**What to do**
Repeat the data below word for word.
Input records: Begin
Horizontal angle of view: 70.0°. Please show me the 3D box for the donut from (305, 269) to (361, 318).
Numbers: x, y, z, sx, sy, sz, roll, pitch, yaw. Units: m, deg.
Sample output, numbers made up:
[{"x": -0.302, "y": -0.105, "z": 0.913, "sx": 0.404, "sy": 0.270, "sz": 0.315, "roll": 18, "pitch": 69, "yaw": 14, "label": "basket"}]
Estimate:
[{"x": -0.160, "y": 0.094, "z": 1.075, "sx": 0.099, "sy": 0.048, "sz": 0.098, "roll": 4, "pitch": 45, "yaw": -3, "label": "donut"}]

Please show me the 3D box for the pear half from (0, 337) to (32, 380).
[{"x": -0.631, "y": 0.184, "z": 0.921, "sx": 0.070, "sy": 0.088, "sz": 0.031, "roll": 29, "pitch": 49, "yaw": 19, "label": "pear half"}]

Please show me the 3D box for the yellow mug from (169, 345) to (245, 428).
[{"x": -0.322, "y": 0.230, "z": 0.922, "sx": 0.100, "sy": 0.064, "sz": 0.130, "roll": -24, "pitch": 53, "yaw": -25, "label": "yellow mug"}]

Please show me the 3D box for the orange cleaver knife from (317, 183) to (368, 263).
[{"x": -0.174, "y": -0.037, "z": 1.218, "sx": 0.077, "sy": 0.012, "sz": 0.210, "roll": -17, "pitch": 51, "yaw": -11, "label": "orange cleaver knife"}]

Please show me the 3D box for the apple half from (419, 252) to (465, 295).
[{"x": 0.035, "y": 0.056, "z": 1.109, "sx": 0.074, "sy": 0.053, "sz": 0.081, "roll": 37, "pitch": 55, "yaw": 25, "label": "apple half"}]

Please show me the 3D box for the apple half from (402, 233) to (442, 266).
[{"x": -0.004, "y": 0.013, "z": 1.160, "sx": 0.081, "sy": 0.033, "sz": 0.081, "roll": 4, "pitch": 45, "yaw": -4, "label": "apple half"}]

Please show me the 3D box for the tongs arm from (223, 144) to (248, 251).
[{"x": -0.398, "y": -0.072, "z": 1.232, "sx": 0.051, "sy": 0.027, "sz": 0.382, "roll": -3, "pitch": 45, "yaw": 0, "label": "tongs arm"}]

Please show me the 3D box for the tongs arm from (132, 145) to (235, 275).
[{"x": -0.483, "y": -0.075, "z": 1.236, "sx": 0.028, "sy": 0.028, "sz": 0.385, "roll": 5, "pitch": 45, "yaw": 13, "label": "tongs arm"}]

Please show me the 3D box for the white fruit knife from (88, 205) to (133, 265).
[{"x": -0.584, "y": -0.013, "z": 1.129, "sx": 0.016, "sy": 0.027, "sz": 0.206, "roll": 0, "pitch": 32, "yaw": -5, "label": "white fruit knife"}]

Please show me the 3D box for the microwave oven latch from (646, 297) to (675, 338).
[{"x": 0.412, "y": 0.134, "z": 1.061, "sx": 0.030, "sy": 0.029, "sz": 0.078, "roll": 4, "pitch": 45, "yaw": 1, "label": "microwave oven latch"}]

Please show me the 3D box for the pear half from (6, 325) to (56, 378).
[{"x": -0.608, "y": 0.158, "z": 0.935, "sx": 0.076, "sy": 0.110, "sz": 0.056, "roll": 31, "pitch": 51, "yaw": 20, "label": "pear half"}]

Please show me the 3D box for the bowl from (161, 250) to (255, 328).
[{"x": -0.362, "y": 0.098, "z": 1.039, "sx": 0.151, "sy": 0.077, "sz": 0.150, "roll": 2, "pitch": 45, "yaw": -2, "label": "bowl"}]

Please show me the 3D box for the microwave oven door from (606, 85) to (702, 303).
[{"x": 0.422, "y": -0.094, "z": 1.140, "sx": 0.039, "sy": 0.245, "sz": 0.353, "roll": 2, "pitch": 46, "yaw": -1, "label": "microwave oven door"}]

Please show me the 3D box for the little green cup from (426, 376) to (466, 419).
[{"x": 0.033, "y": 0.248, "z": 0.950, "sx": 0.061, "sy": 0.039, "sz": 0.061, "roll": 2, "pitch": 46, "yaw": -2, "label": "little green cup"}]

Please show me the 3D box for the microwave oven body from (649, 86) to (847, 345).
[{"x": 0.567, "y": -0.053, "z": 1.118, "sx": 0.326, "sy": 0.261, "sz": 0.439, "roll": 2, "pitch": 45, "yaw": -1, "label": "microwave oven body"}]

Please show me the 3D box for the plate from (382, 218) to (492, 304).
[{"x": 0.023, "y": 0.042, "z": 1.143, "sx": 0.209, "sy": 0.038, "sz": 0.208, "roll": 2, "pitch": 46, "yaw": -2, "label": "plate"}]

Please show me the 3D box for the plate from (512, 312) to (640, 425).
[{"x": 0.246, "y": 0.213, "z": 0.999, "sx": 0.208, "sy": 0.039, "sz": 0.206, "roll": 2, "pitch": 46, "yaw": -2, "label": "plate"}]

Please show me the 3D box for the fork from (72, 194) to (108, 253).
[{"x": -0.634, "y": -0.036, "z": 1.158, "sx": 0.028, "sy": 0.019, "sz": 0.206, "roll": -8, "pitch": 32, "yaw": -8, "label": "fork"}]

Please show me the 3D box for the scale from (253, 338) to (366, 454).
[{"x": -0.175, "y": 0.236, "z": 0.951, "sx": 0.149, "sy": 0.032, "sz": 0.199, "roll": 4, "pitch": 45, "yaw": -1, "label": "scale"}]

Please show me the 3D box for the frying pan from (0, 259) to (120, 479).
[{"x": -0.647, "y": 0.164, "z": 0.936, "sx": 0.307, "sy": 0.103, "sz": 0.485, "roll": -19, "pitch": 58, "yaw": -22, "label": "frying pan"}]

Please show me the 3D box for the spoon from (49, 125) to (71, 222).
Input records: End
**Response to the exercise**
Horizontal angle of view: 70.0°. Please show me the 3D box for the donut from (305, 269) to (361, 318).
Numbers: x, y, z, sx, sy, sz, roll, pitch, yaw. Units: m, deg.
Sample output, numbers made up:
[{"x": -0.302, "y": -0.105, "z": 0.913, "sx": 0.404, "sy": 0.270, "sz": 0.315, "roll": 18, "pitch": 69, "yaw": 14, "label": "basket"}]
Estimate:
[{"x": -0.160, "y": 0.094, "z": 1.075, "sx": 0.099, "sy": 0.048, "sz": 0.098, "roll": 4, "pitch": 45, "yaw": -3, "label": "donut"}]

Please show me the 3D box for the pear half from (0, 337) to (32, 380).
[{"x": -0.631, "y": 0.184, "z": 0.921, "sx": 0.070, "sy": 0.088, "sz": 0.031, "roll": 29, "pitch": 49, "yaw": 19, "label": "pear half"}]

Please show me the 3D box for the yellow mug from (169, 345) to (245, 428).
[{"x": -0.322, "y": 0.230, "z": 0.922, "sx": 0.100, "sy": 0.064, "sz": 0.130, "roll": -24, "pitch": 53, "yaw": -25, "label": "yellow mug"}]

Please show me the 3D box for the orange cleaver knife from (317, 183) to (368, 263).
[{"x": -0.174, "y": -0.037, "z": 1.218, "sx": 0.077, "sy": 0.012, "sz": 0.210, "roll": -17, "pitch": 51, "yaw": -11, "label": "orange cleaver knife"}]

Please show me the 3D box for the apple half from (419, 252) to (465, 295).
[{"x": 0.035, "y": 0.056, "z": 1.109, "sx": 0.074, "sy": 0.053, "sz": 0.081, "roll": 37, "pitch": 55, "yaw": 25, "label": "apple half"}]

Please show me the 3D box for the apple half from (402, 233) to (442, 266).
[{"x": -0.004, "y": 0.013, "z": 1.160, "sx": 0.081, "sy": 0.033, "sz": 0.081, "roll": 4, "pitch": 45, "yaw": -4, "label": "apple half"}]

Please show me the 3D box for the tongs arm from (223, 144) to (248, 251).
[{"x": -0.398, "y": -0.072, "z": 1.232, "sx": 0.051, "sy": 0.027, "sz": 0.382, "roll": -3, "pitch": 45, "yaw": 0, "label": "tongs arm"}]

Please show me the 3D box for the tongs arm from (132, 145) to (235, 275).
[{"x": -0.483, "y": -0.075, "z": 1.236, "sx": 0.028, "sy": 0.028, "sz": 0.385, "roll": 5, "pitch": 45, "yaw": 13, "label": "tongs arm"}]

Please show me the 3D box for the white fruit knife from (88, 205) to (133, 265).
[{"x": -0.584, "y": -0.013, "z": 1.129, "sx": 0.016, "sy": 0.027, "sz": 0.206, "roll": 0, "pitch": 32, "yaw": -5, "label": "white fruit knife"}]

Please show me the 3D box for the microwave oven latch from (646, 297) to (675, 338).
[{"x": 0.412, "y": 0.134, "z": 1.061, "sx": 0.030, "sy": 0.029, "sz": 0.078, "roll": 4, "pitch": 45, "yaw": 1, "label": "microwave oven latch"}]

Please show me the 3D box for the pear half from (6, 325) to (56, 378).
[{"x": -0.608, "y": 0.158, "z": 0.935, "sx": 0.076, "sy": 0.110, "sz": 0.056, "roll": 31, "pitch": 51, "yaw": 20, "label": "pear half"}]

Please show me the 3D box for the bowl from (161, 250) to (255, 328).
[{"x": -0.362, "y": 0.098, "z": 1.039, "sx": 0.151, "sy": 0.077, "sz": 0.150, "roll": 2, "pitch": 45, "yaw": -2, "label": "bowl"}]

Please show me the 3D box for the microwave oven door from (606, 85) to (702, 303).
[{"x": 0.422, "y": -0.094, "z": 1.140, "sx": 0.039, "sy": 0.245, "sz": 0.353, "roll": 2, "pitch": 46, "yaw": -1, "label": "microwave oven door"}]

Please show me the 3D box for the little green cup from (426, 376) to (466, 419).
[{"x": 0.033, "y": 0.248, "z": 0.950, "sx": 0.061, "sy": 0.039, "sz": 0.061, "roll": 2, "pitch": 46, "yaw": -2, "label": "little green cup"}]

Please show me the 3D box for the microwave oven body from (649, 86) to (847, 345).
[{"x": 0.567, "y": -0.053, "z": 1.118, "sx": 0.326, "sy": 0.261, "sz": 0.439, "roll": 2, "pitch": 45, "yaw": -1, "label": "microwave oven body"}]

Please show me the 3D box for the plate from (382, 218) to (492, 304).
[{"x": 0.023, "y": 0.042, "z": 1.143, "sx": 0.209, "sy": 0.038, "sz": 0.208, "roll": 2, "pitch": 46, "yaw": -2, "label": "plate"}]

Please show me the 3D box for the plate from (512, 312) to (640, 425).
[{"x": 0.246, "y": 0.213, "z": 0.999, "sx": 0.208, "sy": 0.039, "sz": 0.206, "roll": 2, "pitch": 46, "yaw": -2, "label": "plate"}]

Please show me the 3D box for the fork from (72, 194) to (108, 253).
[{"x": -0.634, "y": -0.036, "z": 1.158, "sx": 0.028, "sy": 0.019, "sz": 0.206, "roll": -8, "pitch": 32, "yaw": -8, "label": "fork"}]

Please show me the 3D box for the scale from (253, 338) to (366, 454).
[{"x": -0.175, "y": 0.236, "z": 0.951, "sx": 0.149, "sy": 0.032, "sz": 0.199, "roll": 4, "pitch": 45, "yaw": -1, "label": "scale"}]

Please show me the 3D box for the frying pan from (0, 259) to (120, 479).
[{"x": -0.647, "y": 0.164, "z": 0.936, "sx": 0.307, "sy": 0.103, "sz": 0.485, "roll": -19, "pitch": 58, "yaw": -22, "label": "frying pan"}]

Please show me the 3D box for the spoon from (49, 125) to (71, 222).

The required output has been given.